Screenshot of screen reader UX spec
Example screenreader spec of the playlist view.

B. Improving touch targets and interaction clarity
Tap areas were reviewed across compact list, playback, and menu interfaces to improve reachability and reduce accidental taps. This work often involved subtle layout adjustments rather than visible redesign, helping frequently used actions feel more reliable without adding visual weight.

Screenshot of Touch Target Guide
Minimum target size and spacing guidance used to improve tap accuracy across dense track list controls.

C. Hierarchy, labels and announcements
Small changes to hierarchy and labelling improved how information was announced by screen readers, helping ownership context surface before secondary content filters. Separating primary and secondary navigation also made Collection and Wishlist states easier to understand both visually and through assistive technology.

Primary mode announced first
Ownership context is established before content filters are introduced.

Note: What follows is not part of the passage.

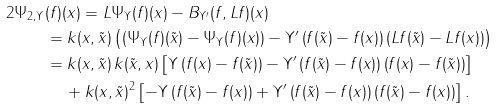Convert formula to latex. <formula><loc_0><loc_0><loc_500><loc_500>2 \Psi _ { 2 , \Upsilon } & ( f ) ( x ) = L \Psi _ { \Upsilon } ( f ) ( x ) - B _ { \Upsilon ^ { \prime } } ( f , L f ) ( x ) \\ & = k ( x , \tilde { x } ) \left ( \left ( \Psi _ { \Upsilon } ( f ) ( \tilde { x } ) - \Psi _ { \Upsilon } ( f ) ( x ) \right ) - \Upsilon ^ { \prime } \left ( f ( \tilde { x } ) - f ( x ) \right ) \left ( L f ( \tilde { x } ) - L f ( x ) \right ) \right ) \\ & = k ( x , \tilde { x } ) \, k ( \tilde { x } , x ) \left [ \Upsilon \left ( f ( x ) - f ( \tilde { x } ) \right ) - \Upsilon ^ { \prime } \left ( f ( \tilde { x } ) - f ( x ) \right ) \left ( f ( x ) - f ( \tilde { x } ) \right ) \right ] \\ & \, \quad + k ( x , \tilde { x } ) ^ { 2 } \left [ - \Upsilon \left ( f ( \tilde { x } ) - f ( x ) \right ) + \Upsilon ^ { \prime } \left ( f ( \tilde { x } ) - f ( x ) \right ) \left ( f ( \tilde { x } ) - f ( x ) \right ) \right ] .</formula>

Screenshot of Collection Menu - Hierarchy
Two levels of navigation clarify ownership first, then content type.

Secondary filters grouped below
Albums, playlists, and downloads follow as a second level of navigation.

What's Next

This work continues as the mobile apps evolve. New features are treated as opportunities to strengthen shared patterns, expand accessibility coverage, and gradually replace legacy behaviours with clearer, more resilient foundations.